» **What to do**
Every line below needs to be transcribed without alteration, and no image may be carried over.

___ Available data ___

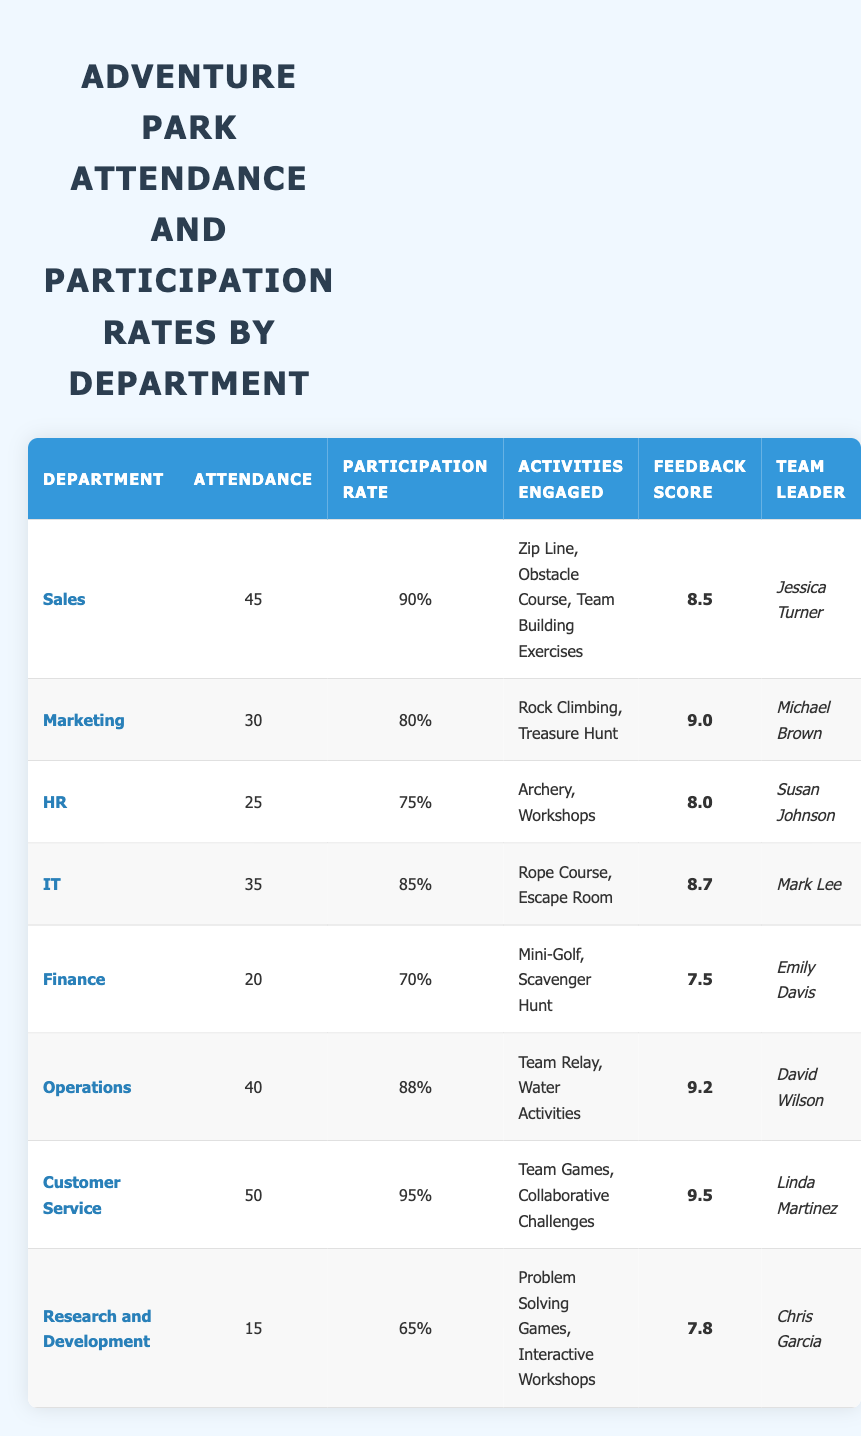What department had the highest attendance at the adventure park? The highest attendance can be found by looking at the "Attendance" column. Customer Service has 50, which is the highest among all departments.
Answer: Customer Service What is the participation rate of the HR department? The participation rate of the HR department is directly listed in the table under the "Participation Rate" column, which shows 75%.
Answer: 75% Which department received the highest feedback score? By checking the "Feedback Score" column, Customer Service has the highest score of 9.5, the only one above 9.0.
Answer: Customer Service How many total employees from the departments participated in the adventure park? To find the total number of employees, sum the "Attendance" values: 45 + 30 + 25 + 35 + 20 + 40 + 50 + 15 = 250.
Answer: 250 What is the average feedback score across all departments that attended the adventure park? First, sum the feedback scores (8.5 + 9.0 + 8.0 + 8.7 + 7.5 + 9.2 + 9.5 + 7.8 = 68.2) and divide by the number of departments (8). So, the average feedback score is 68.2 / 8 = 8.525.
Answer: 8.53 Is it true that the Operations department has a higher participation rate than the Finance department? Check the participation rates: Operations has 88% and Finance has 70%. 88% is greater than 70%, so the statement is true.
Answer: Yes What activities did the IT department engage in during their visit to the adventure park? The activities are listed for the IT department in the "Activities Engaged" column, which includes Rope Course and Escape Room.
Answer: Rope Course, Escape Room Which department had the lowest attendance, and what was their feedback score? By looking at the "Attendance" column, Research and Development had the lowest attendance with 15. Their feedback score is found in the same row, which is 7.8.
Answer: Research and Development, 7.8 If we wanted to find the participation difference between the department with the highest rate and the department with the lowest rate, what would that be? The highest participation rate is Customer Service at 95%, and the lowest is Research and Development at 65%. The difference is 95% - 65% = 30%.
Answer: 30% 
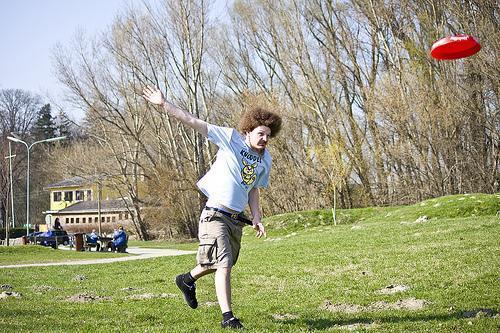How many people are the focus of the picture?
Give a very brief answer. 1.

___

» **Exercise output**
What department had the highest attendance at the adventure park? The highest attendance can be found by looking at the "Attendance" column. Customer Service has 50, which is the highest among all departments.
Answer: Customer Service What is the participation rate of the HR department? The participation rate of the HR department is directly listed in the table under the "Participation Rate" column, which shows 75%.
Answer: 75% Which department received the highest feedback score? By checking the "Feedback Score" column, Customer Service has the highest score of 9.5, the only one above 9.0.
Answer: Customer Service How many total employees from the departments participated in the adventure park? To find the total number of employees, sum the "Attendance" values: 45 + 30 + 25 + 35 + 20 + 40 + 50 + 15 = 250.
Answer: 250 What is the average feedback score across all departments that attended the adventure park? First, sum the feedback scores (8.5 + 9.0 + 8.0 + 8.7 + 7.5 + 9.2 + 9.5 + 7.8 = 68.2) and divide by the number of departments (8). So, the average feedback score is 68.2 / 8 = 8.525.
Answer: 8.53 Is it true that the Operations department has a higher participation rate than the Finance department? Check the participation rates: Operations has 88% and Finance has 70%. 88% is greater than 70%, so the statement is true.
Answer: Yes What activities did the IT department engage in during their visit to the adventure park? The activities are listed for the IT department in the "Activities Engaged" column, which includes Rope Course and Escape Room.
Answer: Rope Course, Escape Room Which department had the lowest attendance, and what was their feedback score? By looking at the "Attendance" column, Research and Development had the lowest attendance with 15. Their feedback score is found in the same row, which is 7.8.
Answer: Research and Development, 7.8 If we wanted to find the participation difference between the department with the highest rate and the department with the lowest rate, what would that be? The highest participation rate is Customer Service at 95%, and the lowest is Research and Development at 65%. The difference is 95% - 65% = 30%.
Answer: 30% 
How many people are the focus of the picture?
Give a very brief answer. 1.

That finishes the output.